### Work to complete
Given the material below, output exactly the lines from the line with "Read the list." to the line with "potato chips <box>184,339,285,467</box>", both ends included, and no other lines.

<<<<

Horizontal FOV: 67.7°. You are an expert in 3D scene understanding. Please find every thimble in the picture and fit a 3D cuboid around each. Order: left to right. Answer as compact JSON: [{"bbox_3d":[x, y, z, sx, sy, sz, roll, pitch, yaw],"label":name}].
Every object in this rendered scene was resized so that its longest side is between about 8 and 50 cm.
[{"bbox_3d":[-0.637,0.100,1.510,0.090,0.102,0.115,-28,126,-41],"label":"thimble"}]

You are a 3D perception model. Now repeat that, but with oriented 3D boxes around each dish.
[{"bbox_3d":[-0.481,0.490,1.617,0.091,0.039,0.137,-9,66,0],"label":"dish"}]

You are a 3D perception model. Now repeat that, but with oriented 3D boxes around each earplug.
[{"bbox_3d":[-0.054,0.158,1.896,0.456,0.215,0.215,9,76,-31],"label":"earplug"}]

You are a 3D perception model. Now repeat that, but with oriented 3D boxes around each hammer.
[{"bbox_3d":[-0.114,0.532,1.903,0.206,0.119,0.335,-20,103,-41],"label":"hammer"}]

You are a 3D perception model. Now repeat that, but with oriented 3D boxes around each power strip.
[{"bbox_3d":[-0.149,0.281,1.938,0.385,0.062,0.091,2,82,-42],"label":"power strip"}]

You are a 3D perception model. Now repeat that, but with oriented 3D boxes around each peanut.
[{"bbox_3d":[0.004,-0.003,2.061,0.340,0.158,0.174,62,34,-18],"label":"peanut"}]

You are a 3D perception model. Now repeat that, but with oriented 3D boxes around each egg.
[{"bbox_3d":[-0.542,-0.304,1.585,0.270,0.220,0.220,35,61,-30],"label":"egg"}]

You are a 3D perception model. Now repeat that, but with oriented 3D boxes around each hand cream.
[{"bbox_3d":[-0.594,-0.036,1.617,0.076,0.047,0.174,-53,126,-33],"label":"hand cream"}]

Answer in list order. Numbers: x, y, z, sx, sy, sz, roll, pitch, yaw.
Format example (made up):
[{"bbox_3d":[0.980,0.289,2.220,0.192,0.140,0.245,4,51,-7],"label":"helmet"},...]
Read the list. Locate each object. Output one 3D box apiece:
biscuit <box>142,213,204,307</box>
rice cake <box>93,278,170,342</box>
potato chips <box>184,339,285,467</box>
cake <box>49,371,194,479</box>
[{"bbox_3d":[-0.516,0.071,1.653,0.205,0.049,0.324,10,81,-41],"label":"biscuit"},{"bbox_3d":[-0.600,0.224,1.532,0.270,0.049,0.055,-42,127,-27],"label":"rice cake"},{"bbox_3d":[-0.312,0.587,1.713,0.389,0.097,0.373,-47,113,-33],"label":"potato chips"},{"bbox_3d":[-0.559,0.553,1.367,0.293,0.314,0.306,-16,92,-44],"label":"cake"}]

>>>>
<<<<

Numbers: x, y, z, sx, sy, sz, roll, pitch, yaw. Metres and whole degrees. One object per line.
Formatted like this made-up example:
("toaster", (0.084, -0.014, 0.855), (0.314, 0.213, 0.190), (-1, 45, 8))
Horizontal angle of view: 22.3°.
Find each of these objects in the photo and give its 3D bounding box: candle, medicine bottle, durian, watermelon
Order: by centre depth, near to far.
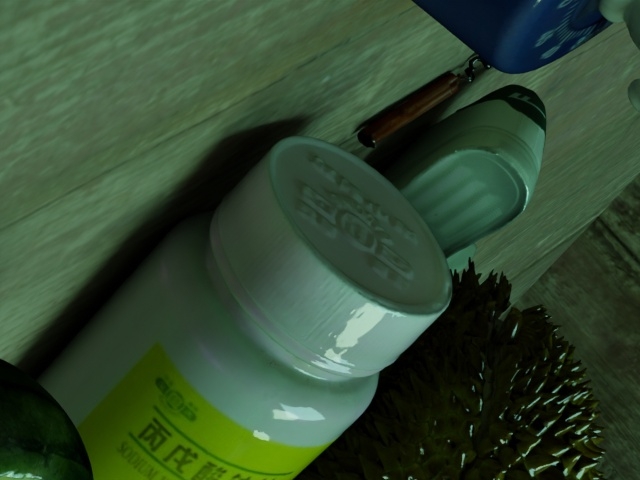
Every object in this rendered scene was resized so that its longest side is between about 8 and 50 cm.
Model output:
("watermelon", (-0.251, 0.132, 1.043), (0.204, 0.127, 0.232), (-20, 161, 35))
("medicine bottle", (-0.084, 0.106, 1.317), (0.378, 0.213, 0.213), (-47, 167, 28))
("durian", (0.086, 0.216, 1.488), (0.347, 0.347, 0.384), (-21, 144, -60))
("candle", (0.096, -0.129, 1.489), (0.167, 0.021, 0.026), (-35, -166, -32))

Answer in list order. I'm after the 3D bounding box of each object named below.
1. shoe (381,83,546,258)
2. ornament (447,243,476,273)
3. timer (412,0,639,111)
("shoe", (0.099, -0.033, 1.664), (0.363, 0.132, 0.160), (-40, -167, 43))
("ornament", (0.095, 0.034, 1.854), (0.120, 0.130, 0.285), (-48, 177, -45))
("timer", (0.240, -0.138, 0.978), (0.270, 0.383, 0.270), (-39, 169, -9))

>>>>
<<<<

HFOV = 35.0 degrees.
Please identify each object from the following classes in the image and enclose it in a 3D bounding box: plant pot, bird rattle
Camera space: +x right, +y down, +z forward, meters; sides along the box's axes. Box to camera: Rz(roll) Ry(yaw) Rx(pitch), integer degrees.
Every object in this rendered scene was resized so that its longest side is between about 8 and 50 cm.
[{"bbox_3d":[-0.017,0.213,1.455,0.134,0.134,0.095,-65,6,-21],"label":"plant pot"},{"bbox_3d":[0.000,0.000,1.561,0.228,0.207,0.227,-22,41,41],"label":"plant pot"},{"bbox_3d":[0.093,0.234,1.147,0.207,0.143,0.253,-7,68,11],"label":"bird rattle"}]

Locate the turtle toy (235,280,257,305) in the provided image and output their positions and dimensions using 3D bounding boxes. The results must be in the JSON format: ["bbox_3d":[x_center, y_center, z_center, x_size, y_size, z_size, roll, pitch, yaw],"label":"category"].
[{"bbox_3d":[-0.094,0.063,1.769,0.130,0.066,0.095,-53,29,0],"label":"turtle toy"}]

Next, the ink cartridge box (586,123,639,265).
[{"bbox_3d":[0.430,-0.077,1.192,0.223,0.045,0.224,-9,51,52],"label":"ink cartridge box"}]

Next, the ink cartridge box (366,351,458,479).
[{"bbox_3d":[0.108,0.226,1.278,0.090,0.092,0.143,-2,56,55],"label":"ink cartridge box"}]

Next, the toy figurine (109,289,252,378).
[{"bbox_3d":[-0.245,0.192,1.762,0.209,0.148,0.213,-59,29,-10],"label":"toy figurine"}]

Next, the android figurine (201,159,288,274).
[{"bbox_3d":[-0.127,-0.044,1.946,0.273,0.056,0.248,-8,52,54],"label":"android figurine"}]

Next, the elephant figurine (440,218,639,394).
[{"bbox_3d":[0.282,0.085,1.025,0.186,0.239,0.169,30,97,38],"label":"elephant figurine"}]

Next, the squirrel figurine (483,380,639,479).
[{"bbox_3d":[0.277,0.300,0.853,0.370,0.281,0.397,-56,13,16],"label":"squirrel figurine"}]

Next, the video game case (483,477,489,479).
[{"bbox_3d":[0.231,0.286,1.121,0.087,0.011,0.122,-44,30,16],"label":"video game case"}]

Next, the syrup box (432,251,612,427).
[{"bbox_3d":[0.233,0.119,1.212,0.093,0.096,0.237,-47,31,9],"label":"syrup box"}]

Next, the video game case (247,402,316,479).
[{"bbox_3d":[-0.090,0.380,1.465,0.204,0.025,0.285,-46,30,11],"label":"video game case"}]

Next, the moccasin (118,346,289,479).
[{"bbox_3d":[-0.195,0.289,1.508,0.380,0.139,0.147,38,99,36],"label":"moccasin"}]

>>>>

### The answer
Read the list. Locate each object. Output one 3D box apiece:
biscuit <box>142,213,204,307</box>
rice cake <box>93,278,170,342</box>
potato chips <box>184,339,285,467</box>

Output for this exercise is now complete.